I, a lifelong Fribble stan, would recuse myself from this one, but there’s no need. Three out of five testers immediately felt transported to eating ice cream cake at a camp friend’s birthday party. The other two passingly enjoyed a vaguely vanilla, urgently melty dairy experience. 

Breyers: 2.3/5 

From here on out, these selections will fall into one or both of the following categories: “air” and/or “ice.” Breyer’s began us on an airy journey, one that went so quickly you barely realized you’d dipped a spoon into anything! Listen, the stuff is so fun to eat—it just doesn’t feel like you’re eating too much of anything. Sprinkle mountain highly recommended here. Who wouldn’t like a pile of vanilla-slicked-and-scented sprinkles at the tail-end of a meal? Oh, and wait!! It looks like Cookies & Cream? Not a con, but unnerving in this context all the same. 

Avenue A: 2.18/5

More air! “Light” and “fluffy” appeared a few times across our collective notes. But the aeration felt more significant than Breyers’ and the smell skewed more artificial. My immediate reaction was to compare it to Cool Whip. I actually don’t know that I’d be able to tell the two apart.   

Heritage Kulfi: 2.12/5

Et voila: the ice! Chewing was audible, flavor was mild. The combination of those two things detracted from a pretty-as-a-picture scoop we all felt optimistic at first glance.
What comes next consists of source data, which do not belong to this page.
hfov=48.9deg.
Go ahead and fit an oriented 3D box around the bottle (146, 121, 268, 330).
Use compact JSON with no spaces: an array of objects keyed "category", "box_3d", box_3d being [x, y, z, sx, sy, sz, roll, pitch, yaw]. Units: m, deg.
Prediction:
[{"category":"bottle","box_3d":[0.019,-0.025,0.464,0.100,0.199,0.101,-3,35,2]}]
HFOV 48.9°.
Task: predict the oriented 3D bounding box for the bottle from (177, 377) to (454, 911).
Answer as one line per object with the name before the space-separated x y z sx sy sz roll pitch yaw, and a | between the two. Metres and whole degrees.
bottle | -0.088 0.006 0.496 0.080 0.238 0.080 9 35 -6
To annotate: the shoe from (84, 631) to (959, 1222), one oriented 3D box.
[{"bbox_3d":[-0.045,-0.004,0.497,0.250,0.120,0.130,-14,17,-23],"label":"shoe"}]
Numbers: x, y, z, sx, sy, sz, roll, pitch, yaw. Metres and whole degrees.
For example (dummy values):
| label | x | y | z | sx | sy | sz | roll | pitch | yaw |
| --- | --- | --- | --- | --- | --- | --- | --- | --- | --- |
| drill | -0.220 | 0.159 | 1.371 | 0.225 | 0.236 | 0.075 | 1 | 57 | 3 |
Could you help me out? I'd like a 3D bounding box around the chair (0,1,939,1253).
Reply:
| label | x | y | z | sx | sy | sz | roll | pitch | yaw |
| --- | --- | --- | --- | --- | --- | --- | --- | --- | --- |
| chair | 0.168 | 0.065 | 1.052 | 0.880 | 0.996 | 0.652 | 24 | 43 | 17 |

Of course, this ice cream didn’t melt nearly as quickly—it held its own 10+ minutes past nine other pints’ transformation into puddles. Kulfi for the hottest summer days, perhaps!

Turkey Hill: 2.1/5 

Turkey Hill’s ice cream smelled so nice. We all wanted it to be a perfect-accompaniment-to-pie-type scoop, but it melted so quickly that it never stood a chance. Genevieve also noted a distinct greasiness to the bite, despite enjoying the aroma so much. Even so, it didn’t taste bad! 

Ample Hills: 2.08/5 

OK, Ample Hills was neither airy nor icy, but it also…did not taste like vanilla ice cream? To any of us? I wrote: “Almond??” Jake wrote: “Malt??” Yasmine wrote “Amaretto?” Daniel wrote: “No. What is this??”

Edy’s: 2.06/5 

Big extract energy. That’s all!

Our Tasting Methodology

All taste tests are conducted completely blind and without discussion. Tasters taste samples in random order. For example, taster A may taste sample 1 first, while taster B will taste sample 6 first. This is to prevent palate fatigue from unfairly giving any one sample an advantage. Tasters are asked to fill out tasting sheets ranking the samples for various criteria that vary from sample to sample. All data is tabulated and results are calculated with no editorial input in order to give us the most impartial representation of actual results possible.